Lines to return, exactly: from the line with "Answer: R1, R2, R3, R4" to the line with "Answer: Equal current" in the entries below, both included.

#### DATA FOR ANALYSIS ####

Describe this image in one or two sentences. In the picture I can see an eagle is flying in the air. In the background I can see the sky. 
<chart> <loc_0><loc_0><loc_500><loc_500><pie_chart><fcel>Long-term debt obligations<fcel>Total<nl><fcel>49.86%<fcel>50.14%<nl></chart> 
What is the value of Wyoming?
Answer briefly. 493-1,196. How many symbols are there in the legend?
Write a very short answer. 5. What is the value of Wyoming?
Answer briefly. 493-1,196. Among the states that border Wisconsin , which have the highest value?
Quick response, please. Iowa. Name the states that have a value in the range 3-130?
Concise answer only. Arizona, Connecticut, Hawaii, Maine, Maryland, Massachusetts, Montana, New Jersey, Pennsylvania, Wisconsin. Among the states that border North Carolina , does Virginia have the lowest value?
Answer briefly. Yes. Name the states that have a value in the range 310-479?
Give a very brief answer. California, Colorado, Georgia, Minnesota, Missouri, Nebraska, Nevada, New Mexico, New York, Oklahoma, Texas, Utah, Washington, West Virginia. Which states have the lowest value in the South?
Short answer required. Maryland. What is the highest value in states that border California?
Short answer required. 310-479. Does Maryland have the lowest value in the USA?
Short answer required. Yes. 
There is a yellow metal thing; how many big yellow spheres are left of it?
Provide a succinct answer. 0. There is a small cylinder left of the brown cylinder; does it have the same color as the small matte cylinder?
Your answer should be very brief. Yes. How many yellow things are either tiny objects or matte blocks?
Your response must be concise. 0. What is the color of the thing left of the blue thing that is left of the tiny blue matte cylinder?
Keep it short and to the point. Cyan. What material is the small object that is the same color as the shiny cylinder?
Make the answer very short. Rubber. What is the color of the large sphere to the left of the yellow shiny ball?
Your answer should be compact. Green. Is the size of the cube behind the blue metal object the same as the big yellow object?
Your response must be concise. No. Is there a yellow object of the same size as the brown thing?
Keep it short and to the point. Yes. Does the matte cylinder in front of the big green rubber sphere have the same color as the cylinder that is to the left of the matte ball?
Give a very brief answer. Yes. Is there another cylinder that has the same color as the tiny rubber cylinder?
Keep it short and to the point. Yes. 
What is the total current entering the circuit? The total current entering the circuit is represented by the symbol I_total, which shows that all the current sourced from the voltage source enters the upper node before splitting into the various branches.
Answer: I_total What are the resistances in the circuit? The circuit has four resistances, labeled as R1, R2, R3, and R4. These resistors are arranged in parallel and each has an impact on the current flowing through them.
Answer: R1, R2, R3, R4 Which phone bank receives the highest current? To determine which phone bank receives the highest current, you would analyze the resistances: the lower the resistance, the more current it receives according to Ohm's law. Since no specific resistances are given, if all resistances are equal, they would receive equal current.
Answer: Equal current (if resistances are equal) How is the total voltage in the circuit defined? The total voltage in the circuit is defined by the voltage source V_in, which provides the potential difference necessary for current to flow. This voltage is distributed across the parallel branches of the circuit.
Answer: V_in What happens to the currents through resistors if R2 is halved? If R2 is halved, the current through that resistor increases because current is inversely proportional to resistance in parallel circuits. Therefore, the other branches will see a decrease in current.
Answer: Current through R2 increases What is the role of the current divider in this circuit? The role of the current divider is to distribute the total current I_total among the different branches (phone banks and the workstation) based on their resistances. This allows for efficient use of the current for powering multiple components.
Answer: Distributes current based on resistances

####

**SOLUTION:**
Answer: R1, R2, R3, R4 Which phone bank receives the highest current? To determine which phone bank receives the highest current, you would analyze the resistances: the lower the resistance, the more current it receives according to Ohm's law. Since no specific resistances are given, if all resistances are equal, they would receive equal current.
Answer: Equal current (if resistances are equal) How is the total voltage in the circuit defined? The total voltage in the circuit is defined by the voltage source V_in, which provides the potential difference necessary for current to flow. This voltage is distributed across the parallel branches of the circuit.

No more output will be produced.